As students return to Chicago classrooms, some families call for remote learning improvements

A student draws with a marker on a big sheet of paper on the first day of Chicago’s second school reopening.
A student learns in a classroom at William H. Brown Elementary School on Chicago’s West Side (AP Photos/Shafkat Anowar)

Hailing a return to in-person instruction for some students this morning after a weeks-long impasse with Chicago’s teachers union, schools chief Janice Jackson said the district will invest its energy into expanding in-person opportunities, including opening another round of negotiations with the union on a return for high schoolers.

But the district doesn’t plan to make major changes to  its remote learning approach in the coming weeks, Jackson said. 

Speaking at a press conference Thursday in which she welcomed students back at William H. Brown Elementary School on Chicago’s West Side, Jackson said Thursday that she was fielding “countless emails, DMs and everything else” from parents about the timeline for older students. 

Asked about criticism that the district isn’t paying enough attention to remote learning, she said the district offers a strong virtual program and stressed that officials have no appetite for decreasing live instruction despite calls to limit screen time. “We want our students in school more, not less.”

Jackson’s comments stood in sharp contrast to an event later Thursday morning, at which community groups and parents argued the district must strengthen the virtual experience. 

The vast majority of district students will still spend more time in remote learning than in classrooms: One in three Chicago students has elected to return to in-person learning under a hybrid schedule that means two days a week, at most, at schools. (One notable exception is prekindergarten or the children of in-person staff. Those students can return to classrooms five days a week.)

Families will again have the opportunity to opt in to hybrid learning for the fourth quarter.

At Thursday’s virtual event hosted by the parent advocacy group Raise Your Hand, some parents had a different take than officials on the state of remote learning in the district. The group, along with several other community organizations, released a list of demands they said would improve the experience of the majority of families who are opting to stick with learning from home for now. Families called for the school district to scale back screen time, give families more flexibility in logging onto virtual classes, and provide more time for small-group and one-on-one instruction. They also called for schools to send home more hands-on materials. 

Parents spoke of deep-seated mistrust in the district that long predates the pandemic — and a sense that families have not had input into high-stakes district planning this school year.

“I feel like parents do not have a voice at the table,” said Joseph Williams, the father of five district students. “These are our babies, but we don’t have any input.”

Williams said his family has been tested by remote learning: His children are drained by long stretches in front of the screen, and his wife had to leave her job to oversee school for their younger children, straining the family budget. But the family does not feel it’s safe yet to send them back to the classroom, he said, and they are looking to the district for more support.

Parents also called on the district to beef up mental health resources and significantly expand its learning hubs, sites where students can tune in to remote learning with adult supervision. Some parents said students in special education in particular have not had the robust academic and emotional support they need. 

“This idea that we cannot improve remote learning — that it’s as good as it gets — it’s simply false,” said Kristin Brody, the mother of a student with special needs.

More than two-thirds of Chicago Teachers Union members backed a tentative school reopening agreement this week, clearing the way for Chicago to resume reopening classrooms.

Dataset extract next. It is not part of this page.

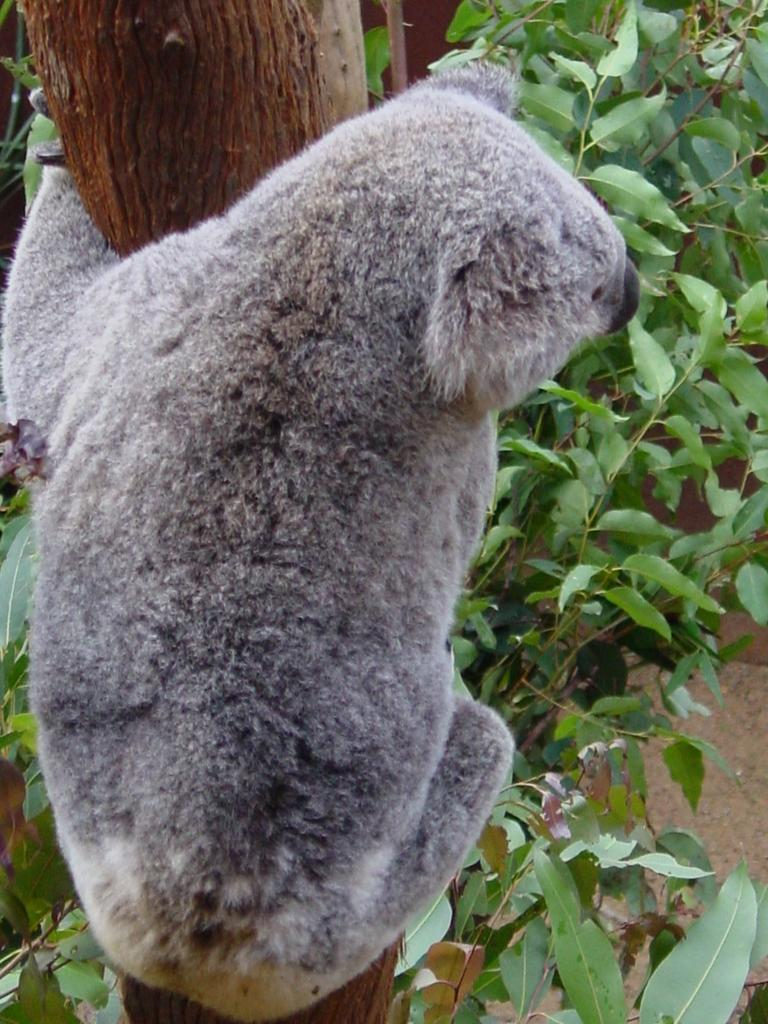What type of animal is on the tree in the image? There is a koala on a tree in the image. What is the koala sitting on in the image? The koala is sitting on a tree in the image. What can be seen in the background of the image? There are branches of a tree with leaves visible in the background. Can you tell me how many people are talking in the stocking at the cemetery in the image? There is no stocking, people, or cemetery present in the image; it features a koala on a tree. 
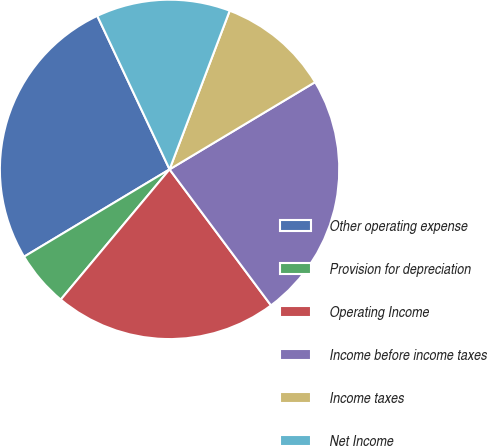Convert chart. <chart><loc_0><loc_0><loc_500><loc_500><pie_chart><fcel>Other operating expense<fcel>Provision for depreciation<fcel>Operating Income<fcel>Income before income taxes<fcel>Income taxes<fcel>Net Income<nl><fcel>26.6%<fcel>5.32%<fcel>21.28%<fcel>23.4%<fcel>10.64%<fcel>12.77%<nl></chart>

On Thursday, about 3,200 pre-K and some special education students — who reported to classrooms in January, only to be sent back home once negotiations hit a stalemate with the union —  were expected to return to school buildings. 

Students in kindergarten to fifth grade are expected to return to campuses March 1 and middle school grades return to classrooms the week after. Teachers for K-5 are expected to return Feb. 22 and middle school teachers would report back March 1.

Jackson, who visited classrooms Thursday morning at Brown, called Thursday’s return to classes “extremely gratifying,” and described seeing students excited to spell their name or show off their first-day-of-school sneakers. 

“It’s little things like that that all told, when you add it up, really speaks to the importance of this return to in-person instruction,” said Jackson.